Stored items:
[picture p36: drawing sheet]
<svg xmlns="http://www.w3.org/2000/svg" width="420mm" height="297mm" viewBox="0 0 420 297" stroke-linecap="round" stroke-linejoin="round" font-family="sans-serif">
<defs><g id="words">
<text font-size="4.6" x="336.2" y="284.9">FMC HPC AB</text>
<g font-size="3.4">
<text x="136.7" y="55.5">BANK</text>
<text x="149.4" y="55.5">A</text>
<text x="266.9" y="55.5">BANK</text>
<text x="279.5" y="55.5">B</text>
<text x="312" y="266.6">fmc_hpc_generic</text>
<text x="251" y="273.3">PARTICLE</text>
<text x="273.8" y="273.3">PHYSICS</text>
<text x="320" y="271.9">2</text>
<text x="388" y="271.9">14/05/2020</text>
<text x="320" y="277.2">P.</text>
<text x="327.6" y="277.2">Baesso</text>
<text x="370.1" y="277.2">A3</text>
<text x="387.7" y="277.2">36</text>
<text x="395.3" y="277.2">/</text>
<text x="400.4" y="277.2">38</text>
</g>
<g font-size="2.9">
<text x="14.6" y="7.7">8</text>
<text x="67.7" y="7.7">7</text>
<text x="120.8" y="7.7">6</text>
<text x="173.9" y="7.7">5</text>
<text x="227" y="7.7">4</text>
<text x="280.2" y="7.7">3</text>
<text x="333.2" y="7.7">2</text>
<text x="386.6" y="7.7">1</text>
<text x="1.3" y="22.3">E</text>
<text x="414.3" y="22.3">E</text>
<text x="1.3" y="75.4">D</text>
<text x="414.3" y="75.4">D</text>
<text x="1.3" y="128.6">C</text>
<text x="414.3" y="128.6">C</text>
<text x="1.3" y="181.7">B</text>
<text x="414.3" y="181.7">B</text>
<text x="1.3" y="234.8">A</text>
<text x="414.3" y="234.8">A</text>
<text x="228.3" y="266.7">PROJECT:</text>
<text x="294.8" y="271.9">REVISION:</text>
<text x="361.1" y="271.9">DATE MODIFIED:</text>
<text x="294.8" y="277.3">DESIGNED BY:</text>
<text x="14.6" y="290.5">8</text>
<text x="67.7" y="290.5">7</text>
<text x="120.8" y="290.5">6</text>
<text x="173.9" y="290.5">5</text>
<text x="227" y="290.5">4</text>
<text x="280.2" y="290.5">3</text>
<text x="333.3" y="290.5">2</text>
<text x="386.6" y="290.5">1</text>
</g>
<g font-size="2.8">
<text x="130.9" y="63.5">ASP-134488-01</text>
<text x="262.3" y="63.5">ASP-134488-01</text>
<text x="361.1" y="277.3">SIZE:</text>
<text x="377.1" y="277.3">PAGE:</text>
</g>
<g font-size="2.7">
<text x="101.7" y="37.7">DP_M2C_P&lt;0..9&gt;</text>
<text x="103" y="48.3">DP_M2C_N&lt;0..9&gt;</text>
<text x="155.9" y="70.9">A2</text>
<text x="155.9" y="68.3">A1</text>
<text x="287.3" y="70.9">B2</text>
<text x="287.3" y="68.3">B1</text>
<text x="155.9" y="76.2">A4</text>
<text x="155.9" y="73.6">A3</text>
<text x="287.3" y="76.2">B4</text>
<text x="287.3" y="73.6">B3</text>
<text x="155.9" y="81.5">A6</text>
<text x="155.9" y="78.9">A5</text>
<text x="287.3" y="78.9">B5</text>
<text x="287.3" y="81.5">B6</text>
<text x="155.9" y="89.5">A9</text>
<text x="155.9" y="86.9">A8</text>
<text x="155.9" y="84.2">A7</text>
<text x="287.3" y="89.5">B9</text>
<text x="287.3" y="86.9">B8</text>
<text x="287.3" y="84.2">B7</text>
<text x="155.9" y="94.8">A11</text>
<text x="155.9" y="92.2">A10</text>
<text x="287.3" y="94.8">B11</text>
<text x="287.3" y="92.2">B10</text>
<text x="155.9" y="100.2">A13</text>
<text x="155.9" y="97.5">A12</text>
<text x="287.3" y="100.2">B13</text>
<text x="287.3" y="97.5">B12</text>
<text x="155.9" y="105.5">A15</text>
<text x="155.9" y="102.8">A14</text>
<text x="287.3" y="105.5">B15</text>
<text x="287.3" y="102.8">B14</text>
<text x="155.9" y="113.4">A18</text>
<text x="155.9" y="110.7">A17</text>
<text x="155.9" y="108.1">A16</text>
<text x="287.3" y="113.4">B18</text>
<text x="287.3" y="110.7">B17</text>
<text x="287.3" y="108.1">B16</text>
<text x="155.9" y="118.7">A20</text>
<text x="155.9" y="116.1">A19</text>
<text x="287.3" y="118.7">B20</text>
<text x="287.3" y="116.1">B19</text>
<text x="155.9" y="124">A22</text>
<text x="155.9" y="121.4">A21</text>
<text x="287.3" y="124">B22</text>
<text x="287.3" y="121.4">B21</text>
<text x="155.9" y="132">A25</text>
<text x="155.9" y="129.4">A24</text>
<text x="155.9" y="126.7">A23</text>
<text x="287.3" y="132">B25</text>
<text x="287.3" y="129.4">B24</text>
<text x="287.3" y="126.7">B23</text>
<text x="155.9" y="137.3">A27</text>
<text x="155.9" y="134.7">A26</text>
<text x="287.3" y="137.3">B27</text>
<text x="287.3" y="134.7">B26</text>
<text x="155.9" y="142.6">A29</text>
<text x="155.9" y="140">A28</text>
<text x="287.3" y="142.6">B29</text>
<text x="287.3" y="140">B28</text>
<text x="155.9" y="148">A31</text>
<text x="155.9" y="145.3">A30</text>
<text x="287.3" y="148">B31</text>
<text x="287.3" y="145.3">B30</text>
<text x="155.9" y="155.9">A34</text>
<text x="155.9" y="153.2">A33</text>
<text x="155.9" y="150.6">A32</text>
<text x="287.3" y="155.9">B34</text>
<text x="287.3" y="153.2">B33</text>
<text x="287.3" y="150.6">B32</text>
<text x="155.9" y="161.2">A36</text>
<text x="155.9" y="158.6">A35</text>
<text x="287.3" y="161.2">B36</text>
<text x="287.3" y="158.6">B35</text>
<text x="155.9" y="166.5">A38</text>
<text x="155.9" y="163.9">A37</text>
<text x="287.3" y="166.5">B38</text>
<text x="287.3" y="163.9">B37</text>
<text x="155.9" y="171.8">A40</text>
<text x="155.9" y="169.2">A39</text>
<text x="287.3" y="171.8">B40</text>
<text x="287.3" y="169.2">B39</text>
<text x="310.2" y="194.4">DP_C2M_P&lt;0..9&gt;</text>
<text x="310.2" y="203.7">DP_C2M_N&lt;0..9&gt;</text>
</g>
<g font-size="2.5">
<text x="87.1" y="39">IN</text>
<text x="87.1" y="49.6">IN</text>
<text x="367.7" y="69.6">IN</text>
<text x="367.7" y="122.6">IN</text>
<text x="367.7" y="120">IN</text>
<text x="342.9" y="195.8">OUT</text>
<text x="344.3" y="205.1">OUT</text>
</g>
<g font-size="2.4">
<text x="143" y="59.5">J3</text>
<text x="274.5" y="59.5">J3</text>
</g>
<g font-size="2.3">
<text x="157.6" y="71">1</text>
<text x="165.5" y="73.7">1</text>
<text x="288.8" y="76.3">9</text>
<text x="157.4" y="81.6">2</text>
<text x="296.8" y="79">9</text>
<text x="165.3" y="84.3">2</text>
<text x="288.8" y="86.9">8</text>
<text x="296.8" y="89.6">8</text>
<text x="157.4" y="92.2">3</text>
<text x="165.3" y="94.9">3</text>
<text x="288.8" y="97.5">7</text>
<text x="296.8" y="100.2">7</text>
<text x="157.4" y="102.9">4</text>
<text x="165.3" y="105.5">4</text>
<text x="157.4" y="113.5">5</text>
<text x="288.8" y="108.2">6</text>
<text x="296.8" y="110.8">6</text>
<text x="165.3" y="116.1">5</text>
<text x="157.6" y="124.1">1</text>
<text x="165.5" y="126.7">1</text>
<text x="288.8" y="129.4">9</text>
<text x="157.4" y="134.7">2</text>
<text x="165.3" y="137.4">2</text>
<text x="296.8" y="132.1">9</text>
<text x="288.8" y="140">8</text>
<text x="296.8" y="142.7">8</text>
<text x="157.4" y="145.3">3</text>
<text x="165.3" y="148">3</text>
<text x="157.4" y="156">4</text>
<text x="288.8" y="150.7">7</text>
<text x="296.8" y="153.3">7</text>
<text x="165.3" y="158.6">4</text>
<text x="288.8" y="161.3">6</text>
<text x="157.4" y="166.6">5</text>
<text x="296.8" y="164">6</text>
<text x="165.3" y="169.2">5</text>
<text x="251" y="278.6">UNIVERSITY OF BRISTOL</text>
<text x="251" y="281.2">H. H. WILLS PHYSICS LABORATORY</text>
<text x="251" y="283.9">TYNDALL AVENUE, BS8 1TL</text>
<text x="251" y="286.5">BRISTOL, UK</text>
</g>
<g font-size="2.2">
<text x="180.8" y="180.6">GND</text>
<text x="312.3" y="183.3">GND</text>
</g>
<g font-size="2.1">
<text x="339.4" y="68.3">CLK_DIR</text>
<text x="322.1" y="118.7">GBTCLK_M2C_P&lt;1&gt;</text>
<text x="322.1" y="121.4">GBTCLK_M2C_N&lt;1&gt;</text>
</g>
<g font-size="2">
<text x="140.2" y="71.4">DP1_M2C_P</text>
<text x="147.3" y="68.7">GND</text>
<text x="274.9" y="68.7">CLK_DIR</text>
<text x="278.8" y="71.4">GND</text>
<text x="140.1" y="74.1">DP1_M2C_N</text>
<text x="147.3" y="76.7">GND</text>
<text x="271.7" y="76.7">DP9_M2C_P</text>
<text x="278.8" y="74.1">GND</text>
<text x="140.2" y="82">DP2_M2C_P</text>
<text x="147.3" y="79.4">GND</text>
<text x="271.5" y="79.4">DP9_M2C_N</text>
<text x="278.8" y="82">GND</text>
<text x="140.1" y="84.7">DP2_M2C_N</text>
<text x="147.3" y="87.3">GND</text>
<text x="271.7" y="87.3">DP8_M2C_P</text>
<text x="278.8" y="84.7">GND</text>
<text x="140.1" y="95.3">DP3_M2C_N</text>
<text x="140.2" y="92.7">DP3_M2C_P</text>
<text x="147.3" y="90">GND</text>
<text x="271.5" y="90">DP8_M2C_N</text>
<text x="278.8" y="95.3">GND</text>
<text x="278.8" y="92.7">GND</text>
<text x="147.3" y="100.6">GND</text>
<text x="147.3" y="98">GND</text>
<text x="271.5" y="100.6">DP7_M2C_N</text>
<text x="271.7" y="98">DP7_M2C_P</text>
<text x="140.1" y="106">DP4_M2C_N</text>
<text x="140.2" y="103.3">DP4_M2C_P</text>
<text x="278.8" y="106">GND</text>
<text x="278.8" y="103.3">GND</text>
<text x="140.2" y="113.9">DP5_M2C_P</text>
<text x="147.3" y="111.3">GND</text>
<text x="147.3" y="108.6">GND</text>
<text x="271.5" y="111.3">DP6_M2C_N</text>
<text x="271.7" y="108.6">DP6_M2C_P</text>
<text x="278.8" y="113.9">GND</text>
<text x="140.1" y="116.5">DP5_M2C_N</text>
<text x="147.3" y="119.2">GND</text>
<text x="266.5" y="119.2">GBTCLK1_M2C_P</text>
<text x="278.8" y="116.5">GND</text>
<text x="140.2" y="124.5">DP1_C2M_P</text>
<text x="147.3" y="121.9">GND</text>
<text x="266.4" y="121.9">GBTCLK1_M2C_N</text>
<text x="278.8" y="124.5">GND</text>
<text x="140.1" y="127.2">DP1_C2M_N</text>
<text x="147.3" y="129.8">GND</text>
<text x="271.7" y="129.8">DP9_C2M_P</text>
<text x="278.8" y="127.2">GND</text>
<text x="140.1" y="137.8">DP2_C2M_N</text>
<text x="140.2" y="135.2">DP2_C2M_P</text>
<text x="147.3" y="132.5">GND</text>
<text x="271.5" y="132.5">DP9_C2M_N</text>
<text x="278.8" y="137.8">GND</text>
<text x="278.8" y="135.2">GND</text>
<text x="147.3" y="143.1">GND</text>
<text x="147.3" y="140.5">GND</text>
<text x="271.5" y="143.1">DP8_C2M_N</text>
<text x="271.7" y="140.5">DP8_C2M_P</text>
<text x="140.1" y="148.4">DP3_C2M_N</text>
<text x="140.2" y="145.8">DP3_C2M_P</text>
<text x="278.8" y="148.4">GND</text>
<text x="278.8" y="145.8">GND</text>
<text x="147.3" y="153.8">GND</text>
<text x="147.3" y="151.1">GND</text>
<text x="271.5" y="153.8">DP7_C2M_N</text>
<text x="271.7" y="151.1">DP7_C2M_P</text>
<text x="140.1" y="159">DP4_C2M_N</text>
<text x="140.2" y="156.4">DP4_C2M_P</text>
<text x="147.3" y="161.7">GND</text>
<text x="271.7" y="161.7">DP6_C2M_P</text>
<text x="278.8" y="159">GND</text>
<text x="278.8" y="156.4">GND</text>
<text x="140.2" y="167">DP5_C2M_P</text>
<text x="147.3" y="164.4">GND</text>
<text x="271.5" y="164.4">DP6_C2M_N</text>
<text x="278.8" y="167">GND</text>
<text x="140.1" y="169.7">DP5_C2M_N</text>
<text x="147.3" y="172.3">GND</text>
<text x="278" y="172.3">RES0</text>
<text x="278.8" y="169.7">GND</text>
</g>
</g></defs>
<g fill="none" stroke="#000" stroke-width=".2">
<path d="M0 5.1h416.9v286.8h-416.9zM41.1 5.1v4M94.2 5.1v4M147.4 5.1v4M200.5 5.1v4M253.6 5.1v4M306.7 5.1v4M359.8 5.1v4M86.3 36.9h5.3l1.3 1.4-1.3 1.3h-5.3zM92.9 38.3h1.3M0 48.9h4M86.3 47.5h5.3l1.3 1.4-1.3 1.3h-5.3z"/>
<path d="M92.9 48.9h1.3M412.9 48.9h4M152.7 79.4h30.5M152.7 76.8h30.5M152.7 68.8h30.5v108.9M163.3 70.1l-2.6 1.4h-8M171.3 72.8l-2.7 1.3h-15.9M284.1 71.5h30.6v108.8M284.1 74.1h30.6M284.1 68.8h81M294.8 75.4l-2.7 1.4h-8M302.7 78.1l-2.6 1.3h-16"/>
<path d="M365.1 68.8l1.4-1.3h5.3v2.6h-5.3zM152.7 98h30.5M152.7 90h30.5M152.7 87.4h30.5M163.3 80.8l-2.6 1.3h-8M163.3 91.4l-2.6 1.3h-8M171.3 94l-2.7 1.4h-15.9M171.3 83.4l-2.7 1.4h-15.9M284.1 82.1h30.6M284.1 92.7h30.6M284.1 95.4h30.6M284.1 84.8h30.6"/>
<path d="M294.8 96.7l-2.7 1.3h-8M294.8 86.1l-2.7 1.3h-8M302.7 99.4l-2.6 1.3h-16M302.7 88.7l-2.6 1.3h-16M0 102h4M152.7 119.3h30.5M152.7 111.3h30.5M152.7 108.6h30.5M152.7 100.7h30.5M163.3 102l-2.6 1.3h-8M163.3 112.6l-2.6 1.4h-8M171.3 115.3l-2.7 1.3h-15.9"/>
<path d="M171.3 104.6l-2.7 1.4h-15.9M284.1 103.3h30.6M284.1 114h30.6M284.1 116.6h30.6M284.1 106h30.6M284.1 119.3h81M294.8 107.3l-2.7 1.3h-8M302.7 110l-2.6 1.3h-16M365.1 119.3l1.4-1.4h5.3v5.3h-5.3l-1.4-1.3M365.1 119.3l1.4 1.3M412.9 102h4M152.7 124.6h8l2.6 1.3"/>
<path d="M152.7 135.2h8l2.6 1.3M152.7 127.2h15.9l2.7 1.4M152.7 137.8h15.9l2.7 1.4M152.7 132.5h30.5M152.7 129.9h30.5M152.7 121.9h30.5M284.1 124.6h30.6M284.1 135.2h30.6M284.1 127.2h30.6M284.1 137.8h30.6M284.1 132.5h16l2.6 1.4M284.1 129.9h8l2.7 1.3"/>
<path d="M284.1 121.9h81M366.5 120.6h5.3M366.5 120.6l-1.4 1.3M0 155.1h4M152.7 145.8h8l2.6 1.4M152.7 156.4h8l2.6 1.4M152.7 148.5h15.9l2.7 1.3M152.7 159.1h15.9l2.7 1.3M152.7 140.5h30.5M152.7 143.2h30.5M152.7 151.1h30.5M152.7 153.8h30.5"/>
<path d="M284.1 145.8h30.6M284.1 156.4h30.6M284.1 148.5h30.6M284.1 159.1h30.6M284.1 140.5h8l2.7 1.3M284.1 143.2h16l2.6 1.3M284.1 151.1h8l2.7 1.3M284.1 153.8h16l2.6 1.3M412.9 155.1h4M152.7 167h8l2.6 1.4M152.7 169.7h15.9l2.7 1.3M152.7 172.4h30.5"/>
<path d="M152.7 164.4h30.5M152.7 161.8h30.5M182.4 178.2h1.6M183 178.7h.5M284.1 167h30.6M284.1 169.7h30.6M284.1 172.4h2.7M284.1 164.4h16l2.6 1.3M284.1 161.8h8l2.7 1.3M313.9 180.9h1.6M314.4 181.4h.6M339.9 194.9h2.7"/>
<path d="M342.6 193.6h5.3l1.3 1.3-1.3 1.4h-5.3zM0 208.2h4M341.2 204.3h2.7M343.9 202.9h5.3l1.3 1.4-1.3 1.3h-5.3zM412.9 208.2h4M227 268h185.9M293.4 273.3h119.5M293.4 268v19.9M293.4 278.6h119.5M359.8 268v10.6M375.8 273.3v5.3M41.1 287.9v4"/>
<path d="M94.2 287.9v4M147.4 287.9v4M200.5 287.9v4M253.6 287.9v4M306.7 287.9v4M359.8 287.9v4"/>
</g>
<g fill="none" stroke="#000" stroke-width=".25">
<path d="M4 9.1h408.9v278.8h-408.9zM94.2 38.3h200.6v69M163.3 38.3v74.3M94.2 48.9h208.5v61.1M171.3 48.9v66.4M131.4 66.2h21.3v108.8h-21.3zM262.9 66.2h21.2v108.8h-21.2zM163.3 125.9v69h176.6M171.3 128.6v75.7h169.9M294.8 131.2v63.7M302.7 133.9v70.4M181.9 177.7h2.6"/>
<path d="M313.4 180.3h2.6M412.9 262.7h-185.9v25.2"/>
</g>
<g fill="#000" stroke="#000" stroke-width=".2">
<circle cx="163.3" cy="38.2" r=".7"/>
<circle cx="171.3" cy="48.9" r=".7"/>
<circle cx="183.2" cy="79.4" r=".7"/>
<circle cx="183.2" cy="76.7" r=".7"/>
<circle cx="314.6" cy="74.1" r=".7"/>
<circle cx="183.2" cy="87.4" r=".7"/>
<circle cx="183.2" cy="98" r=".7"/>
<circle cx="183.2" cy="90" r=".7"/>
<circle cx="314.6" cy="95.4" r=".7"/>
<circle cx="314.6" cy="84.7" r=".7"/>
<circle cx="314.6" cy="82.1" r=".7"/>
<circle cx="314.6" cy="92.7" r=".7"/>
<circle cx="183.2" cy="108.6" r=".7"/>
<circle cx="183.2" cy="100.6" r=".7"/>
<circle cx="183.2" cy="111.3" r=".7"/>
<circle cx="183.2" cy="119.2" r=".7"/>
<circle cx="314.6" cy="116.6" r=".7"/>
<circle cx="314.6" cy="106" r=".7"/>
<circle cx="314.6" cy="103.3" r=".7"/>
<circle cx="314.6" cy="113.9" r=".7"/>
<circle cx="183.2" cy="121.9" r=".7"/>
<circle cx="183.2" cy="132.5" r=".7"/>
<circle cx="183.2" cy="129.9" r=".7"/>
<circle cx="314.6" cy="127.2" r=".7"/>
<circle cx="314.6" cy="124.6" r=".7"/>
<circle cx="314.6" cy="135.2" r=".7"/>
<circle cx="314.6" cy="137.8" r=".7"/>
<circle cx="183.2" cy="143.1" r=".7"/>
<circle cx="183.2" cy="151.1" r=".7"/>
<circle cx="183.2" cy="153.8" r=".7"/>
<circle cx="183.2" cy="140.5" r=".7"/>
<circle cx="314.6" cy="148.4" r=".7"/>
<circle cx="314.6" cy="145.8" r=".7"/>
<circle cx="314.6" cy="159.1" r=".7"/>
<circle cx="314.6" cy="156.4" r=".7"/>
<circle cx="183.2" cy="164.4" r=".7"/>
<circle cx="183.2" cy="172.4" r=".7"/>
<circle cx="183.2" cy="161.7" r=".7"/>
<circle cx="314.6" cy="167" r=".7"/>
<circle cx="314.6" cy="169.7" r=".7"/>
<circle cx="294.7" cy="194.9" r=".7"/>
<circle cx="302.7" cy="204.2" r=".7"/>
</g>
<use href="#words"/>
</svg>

Problem details – Once you have checked the entries above, say how many lines include the word "PHYSICS", and nothing beyond the number.

Result for this exercise – 2